Wie legt man PSA richtig an?

Beispiele:

  • Atemschutzmasken und Atemschutzmasken sollten zuerst am Hinterkopf befestigt und dann auf dem Gesicht positioniert werden, um einen festen Sitz zu gewährleisten.
  • Beim Anlegen von Gummi- und Arbeitshandschuhen ist darauf zu achten, dass auch das Handgelenk bedeckt ist.
  • Schutzbrille und Visier sollten zuerst über die Augen gelegt und dann am Hinterkopf befestigt werden.

Ablegen von persönlicher Schutzausrüstung

Bei der sicheren Entfernung der PSA gilt es, kontaminierte Flächen entsprechend zu berücksichtigen.

Beispiele:

  • Atemschutzgeräte und -masken sollten auf der Rückseite gelöst und dann vom Gesicht abgezogen werden, um einen Kontakt zwischen dem Gesicht und der Vorderseite des Gerätes zu vermeiden.
  • Handschuhe: Der erste sollte vom Körper weggeschält werden, indem man den Handballenbereich greift und zieht. Ziehen Sie den zweiten Handschuh aus, indem Sie einen Finger unter die Kante über Ihr Handgelenk legen und nach vorne drücken.
  • Entfernen Sie Schutzbrille und Visier, indem Sie sie hinten lösen oder entriegeln und nach vorne schieben, weg von Ihrem Gesicht.

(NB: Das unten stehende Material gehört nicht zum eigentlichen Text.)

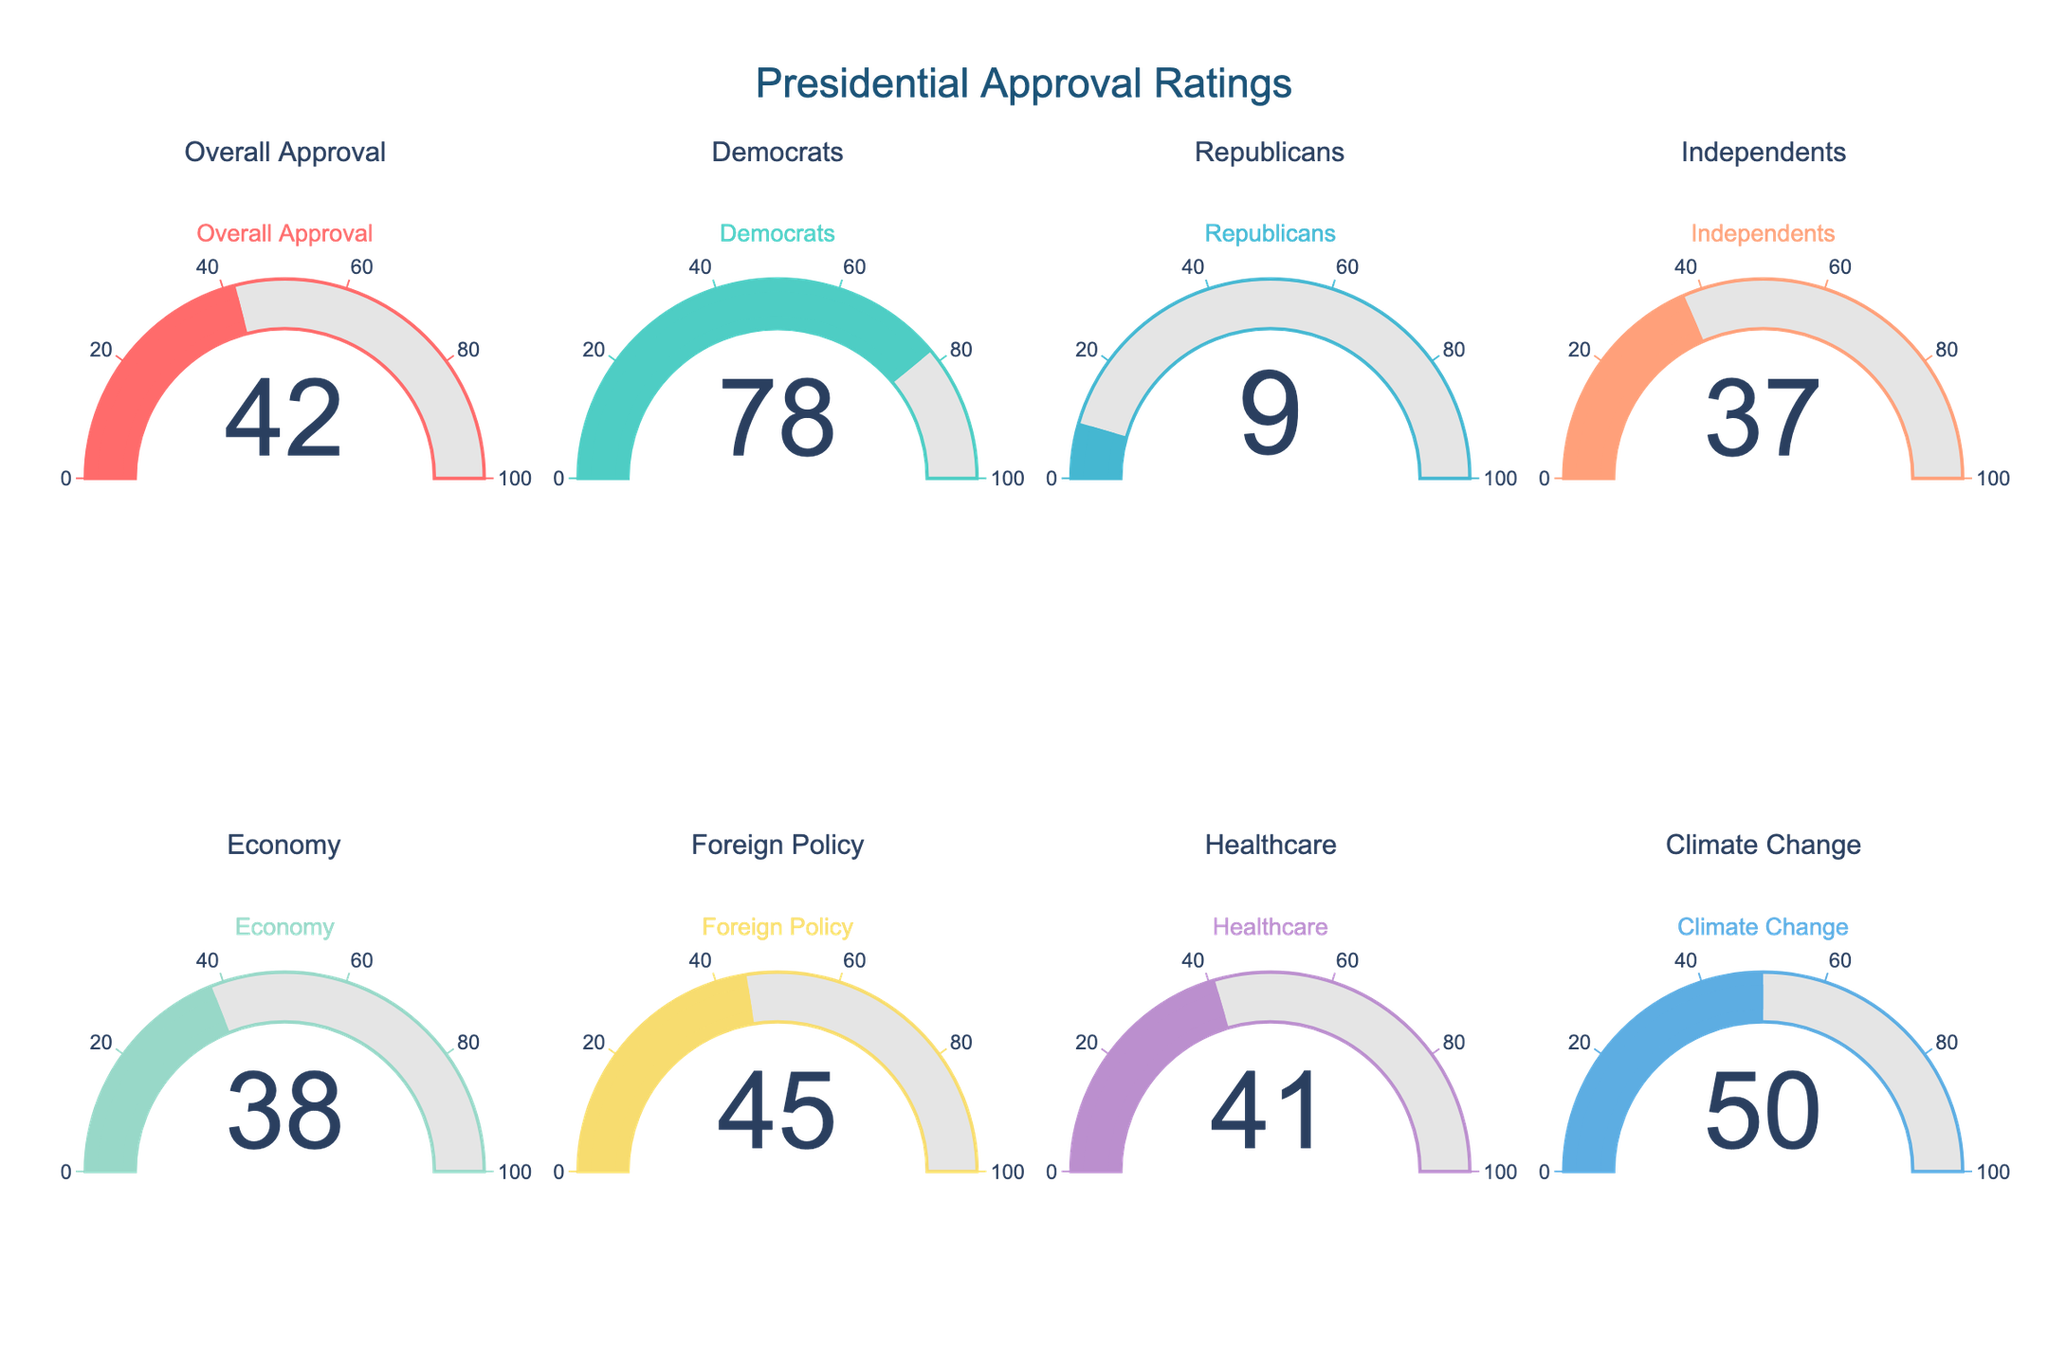what is the overall approval rating of the current president? To determine the overall approval rating, look at the gauge labeled "Overall Approval." The number displayed in the center gives this rating.
Answer: 42 Which political group shows the highest approval rating for the current president? Examine the gauges for the political groups (Democrats, Republicans, Independents). Compare the values shown, and identify the highest one. The Democrats have the highest approval rating.
Answer: Democrats What is the average approval rating for the three political groups: Democrats, Republicans, and Independents? Add the approval ratings for Democrats (78), Republicans (9), and Independents (37). Then, divide this sum by 3 to find the average. (78 + 9 + 37) / 3 = 41.33
Answer: 41.33 Is the president's approval rating on the economy higher than the healthcare rating? Compare the values on the gauges labeled 'Economy' and 'Healthcare.' The economy rating is 38 and healthcare rating is 41.
Answer: No What is the difference between the president's approval rating on foreign policy and climate change? Subtract the approval rating for foreign policy (45) from that of climate change (50). 50 - 45 = 5
Answer: 5 Which policy area has the highest approval rating? Compare the values displayed on the gauges for the different policy areas listed: Economy, Foreign Policy, Healthcare, and Climate Change. The highest value is for Climate Change.
Answer: Climate Change Which approval rating is the lowest among all the categories displayed? Look at all the values on the gauges and identify the smallest one. The lowest approval rating is for Republicans.
Answer: 9 Are any of the policy approval ratings higher than the overall approval rating? Compare the values for the policy areas (Economy, Foreign Policy, Healthcare, and Climate Change) with the overall approval rating (42). Climate Change (50) and Foreign Policy (45) are higher than overall.
Answer: Yes What is the median approval rating across all categories? List the approval ratings: 42, 78, 9, 37, 38, 45, 41, 50. Order them: 9, 37, 38, 41, 42, 45, 50, 78. Find the median, which is the middle value. With 8 values, the median is the average of the 4th and 5th values: (41 + 42) / 2 = 41.5
Answer: 41.5

Sollten Ihre Hände beim Entfernen der PSA mit Verunreinigungen in Berührung kommen, waschen Sie sie schnell mit einem geeigneten Reinigungsmittel.

Was sollten Sie tun, wenn Ihre PSA beschädigt ist?

Jegliche Beschädigung der PSA sollte unverzüglich dem Vorgesetzten gemeldet und ersetzt werden.

Wie man PSA richtig entsorgt

Einweg-PSA ist wahrscheinlich nach kurzer Zeit kontaminiert. Entsorgen Sie es in dafür vorgesehenen, ordnungsgemäss verschlossenen Abfallbehältern.